In realtà ciò che Mazzarella nel suo libro dedicato a Tecnica e metafisica (Carocci, Roma 2021, p. 322) definisce «l’attivo dolore di esistere» come vero e universale mestiere dell’umano, credo abbia accompagnato l’intero cammino nietzscheano, che partito dalla consapevolezza di tonalità leopardiana della nullità di tutte le cose ha cercato di riscattarla in una attiva – proprio nel senso di prassica – forma dell’esistere, della quale le diverse risposte che Nietzsche elabora lungo il suo percorso sono espressioni e tappe, diverse sì ma convergenti.
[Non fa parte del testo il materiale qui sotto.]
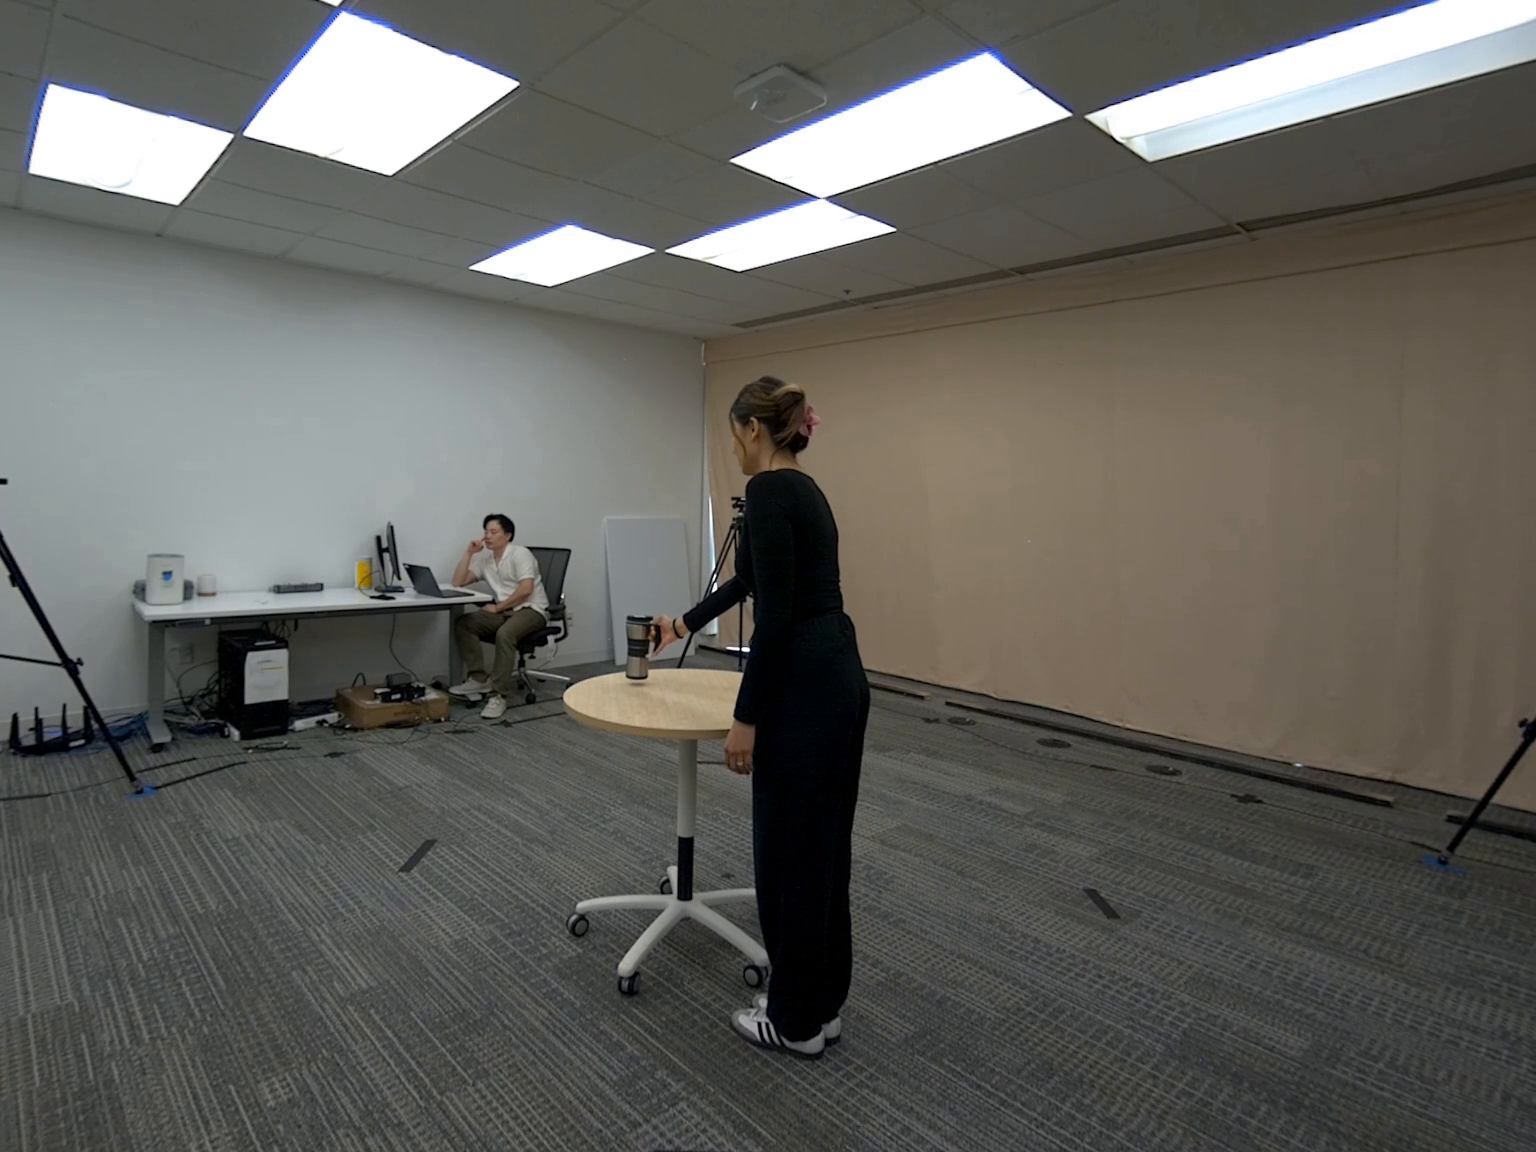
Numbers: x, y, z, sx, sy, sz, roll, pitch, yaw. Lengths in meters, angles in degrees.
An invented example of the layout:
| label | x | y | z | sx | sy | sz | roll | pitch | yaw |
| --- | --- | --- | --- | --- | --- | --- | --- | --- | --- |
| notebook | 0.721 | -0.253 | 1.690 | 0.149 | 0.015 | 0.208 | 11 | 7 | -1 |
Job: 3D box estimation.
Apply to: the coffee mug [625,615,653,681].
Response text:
| label | x | y | z | sx | sy | sz | roll | pitch | yaw |
| --- | --- | --- | --- | --- | --- | --- | --- | --- | --- |
| coffee mug | -0.405 | 0.231 | 2.685 | 0.086 | 0.203 | 0.124 | 8 | -2 | -29 |

Il gioco di identità e differenza, il «trofismo vitale tra identità e divenire» (p. 81), è anche gioco tra il dolore di essere venuti al mondo e l’energia con la quale il mondo va affrontato, una volta che l’esistere si è dato.
Non a caso, ma in piena coerenza, la prima delle tre Appendici che chiudono il libro di Eugenio Mazzarella è dedicata a Löwith e alla consapevolezza greca della tragicità del mondo che non inficia anzi implica la piena assunzione della finitudine costitutiva della zoé e dell’umano in essa; implica, accoglie e sancisce «la sacertà, [che] vede in ogni caso lo spazio umano come spazio del ‘mortale’» (p. 153).
Aver percorso per intero, sino in fondo e con coraggio questo spazio del Cielo e dell’Ade è parte, appunto, dell’inquieta luce che il pensiero nietzscheano rappresenta per tutti noi e che questo libro continua a indicare con il rigore che Nietzsche sempre merita.